Negative space rising up really fast

Doddophonique · December 19, 2019, 12:48am

It’s rising at almost 1GB/4minutes. Nothing strange is happening in the logs, Netdata shows that the container is reading and writing on disk, the node was already full (only egress was happening before the update), it doesn’t seem to stop.

Is it gonna crash or something? Is someone else having this behaviour?

Edit 1: i just stopped it and restarted it and it’s now at -10GB. Not rising for the moment.

deathlessdd · December 19, 2019, 12:53am

Did you allow for more space then take it away after? It shouldnt go past what you allowed espically not 33gigs over.

Doddophonique · December 19, 2019, 12:54am

Nope, I did the inverse (i had 2.4TB and made it 2.5TB). It was at -0.26KB (the usual when the node gets full) today, but after the update this is happening.

deathlessdd · December 19, 2019, 12:55am

Mine is also full but was full before today…Nevermind I press Crtl F5 and it fixed it.

nerdatwork · December 19, 2019, 2:31am

Have you kept 10% free space as overhead?

kevink · December 19, 2019, 6:40am

grafik
I have the same problem, node was full since weeks with only ~-7MB and around 6 hours ago when the massive uplaods started, it suddenly went to -29GB without any uploads in the logs.

However my 2nd full node stayed at its capacity. So only one of my 2 full nodes had this change.

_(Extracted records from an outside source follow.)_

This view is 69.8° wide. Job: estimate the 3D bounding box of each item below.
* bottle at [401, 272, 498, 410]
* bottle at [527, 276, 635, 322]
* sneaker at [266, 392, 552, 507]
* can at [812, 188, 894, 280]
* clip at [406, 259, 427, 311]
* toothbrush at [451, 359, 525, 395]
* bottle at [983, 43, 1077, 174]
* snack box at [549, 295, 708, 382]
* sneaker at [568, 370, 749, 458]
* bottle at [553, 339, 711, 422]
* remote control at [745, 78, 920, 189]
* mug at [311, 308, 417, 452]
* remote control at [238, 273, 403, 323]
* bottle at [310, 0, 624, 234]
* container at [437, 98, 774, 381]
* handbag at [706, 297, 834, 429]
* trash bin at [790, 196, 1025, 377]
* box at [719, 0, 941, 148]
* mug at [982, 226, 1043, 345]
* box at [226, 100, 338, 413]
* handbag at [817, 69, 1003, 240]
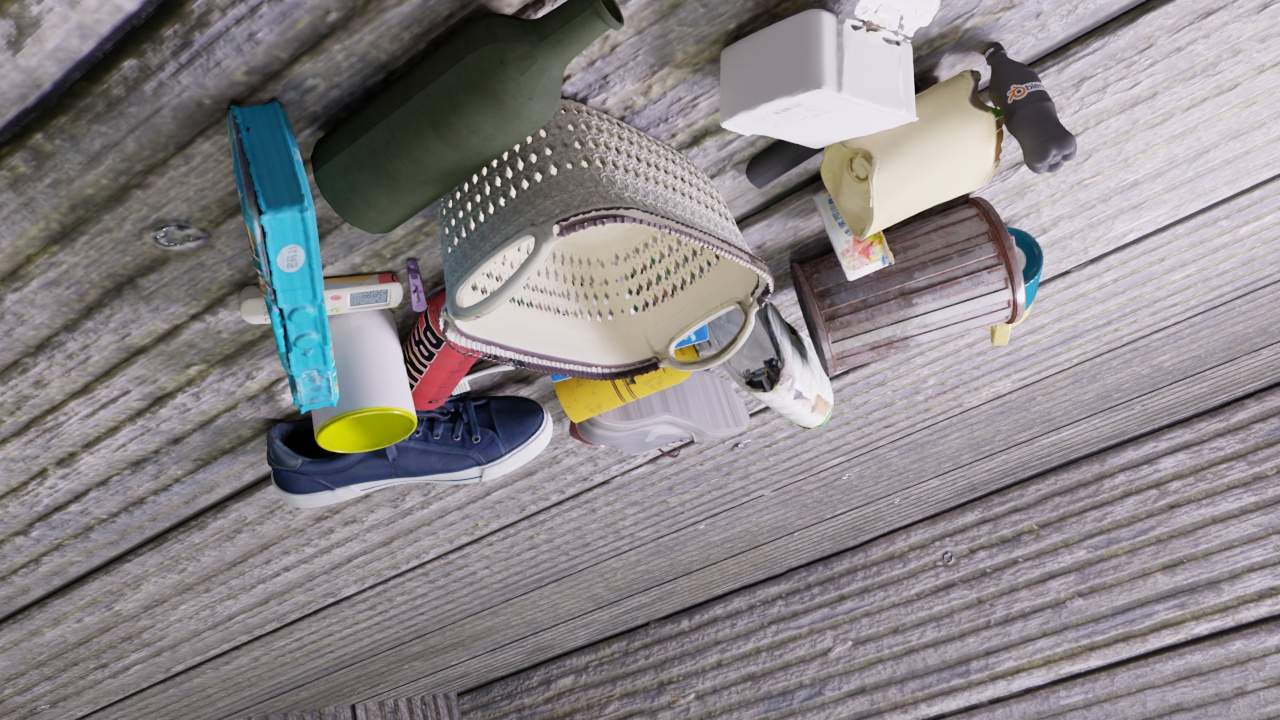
[{"bbox_3d":[-0.170,-0.020,0.811,0.062,0.062,0.177,-1,152,-34],"label":"bottle"},{"bbox_3d":[-0.064,-0.046,0.852,0.116,0.041,0.041,-14,157,-9],"label":"bottle"},{"bbox_3d":[-0.237,0.070,0.942,0.294,0.120,0.127,-9,136,-11],"label":"sneaker"},{"bbox_3d":[0.188,-0.116,0.813,0.043,0.086,0.086,-24,156,14],"label":"can"},{"bbox_3d":[-0.185,-0.062,0.754,0.013,0.033,0.052,-11,156,-13],"label":"clip"},{"bbox_3d":[-0.112,0.002,0.958,0.187,0.017,0.012,-17,-172,0],"label":"toothbrush"},{"bbox_3d":[0.285,-0.190,0.683,0.036,0.109,0.036,-15,157,-7],"label":"bottle"},{"bbox_3d":[-0.018,-0.025,0.888,0.154,0.033,0.088,-16,-163,-3],"label":"snack box"},{"bbox_3d":[0.018,0.070,1.108,0.235,0.099,0.090,6,148,-29],"label":"sneaker"},{"bbox_3d":[-0.006,0.006,0.972,0.164,0.071,0.071,-22,157,10],"label":"bottle"},{"bbox_3d":[0.149,-0.182,0.726,0.147,0.015,0.033,-29,154,26],"label":"remote control"},{"bbox_3d":[-0.241,0.014,0.780,0.082,0.106,0.083,-15,158,-6],"label":"mug"},{"bbox_3d":[-0.255,-0.050,0.739,0.125,0.018,0.038,-9,156,-21],"label":"remote control"},{"bbox_3d":[-0.102,-0.153,0.545,0.207,0.071,0.071,-28,155,24],"label":"bottle"},{"bbox_3d":[-0.031,-0.078,0.675,0.185,0.143,0.251,-33,152,30],"label":"container"},{"bbox_3d":[0.139,-0.006,0.967,0.072,0.138,0.194,-32,155,16],"label":"handbag"},{"bbox_3d":[0.270,-0.073,0.917,0.211,0.130,0.131,-18,157,6],"label":"trash bin"},{"bbox_3d":[0.137,-0.203,0.585,0.111,0.101,0.190,0,157,-39],"label":"box"},{"bbox_3d":[0.402,-0.076,1.023,0.083,0.113,0.107,1,160,14],"label":"mug"},{"bbox_3d":[-0.236,-0.057,0.613,0.039,0.094,0.227,-12,152,-21],"label":"box"},{"bbox_3d":[0.211,-0.161,0.714,0.119,0.081,0.111,-24,166,0],"label":"handbag"}]

Odmin · December 19, 2019, 9:31am

I think we have a problem with calculation when garbage collector move data to the trash folder.
Look into your trash, for me:

or we have wrong calculation before garbage collector identifies this garbage…

michaln · December 19, 2019, 9:45am

Thank you for letting us know about the issue. The problem is reported.

@Odmin thanks for hint with trash folder, it might be good starting point for investigation.

littleskunk · December 19, 2019, 11:18am

The number you see on the fronend is a live tracker. Every stored piece will increase the counter. Delete messages will decrease the counter. Once per hour we sync it with the used spaece on disk.

I have 2 theories.

Garbage collection is moving the piece but telling the live counter that it was deleted. --> Storage node reports to the satellite that is has free space now, fills up that space and the next sync will find out that this decision was a mistake.
Garbage collection is moving the piece and telling the live counter that we have new pieces in the trash folder. --> Storage node will report a big negative free space value, not accept any new pieces and on the next sync find out that this was a visual bug only.

So the question is do you see a big number of upload messages in your logfile (1)? What happens if you restart your storage node and wait for the sync process to finish (2)? You can watch the process with curl localhost:7777/mon/ps

kevink · December 19, 2019, 11:34am

option seems to be the correct one since my node has no new uploads.
But the node has now 42G in the trash folder and the live counter is at -29GB.

Doddophonique · December 19, 2019, 6:37pm

I soft restarted the node yesterday (no rm, just stop -t 300 and then restart) and at first it went to -10.20GB, then, after a couple of minutes, it showed ~77GB free on the node and now is receiving uploads again, currently 55GB free.

I had no upload messages in the logfile before restarting. Right now the behaviour is exactly as it was before the update, so I have no means of analyze it again.

littleskunk · December 20, 2019, 2:21pm

Warning: After a restart the storage node will correct the used space value. In my case it first showed -200GB and after one restart I have 200GB free. My storage node is now filling that space and will crash at some point. We are working on a fix. Meanwhile please reduce your allocated space to avoid a crash.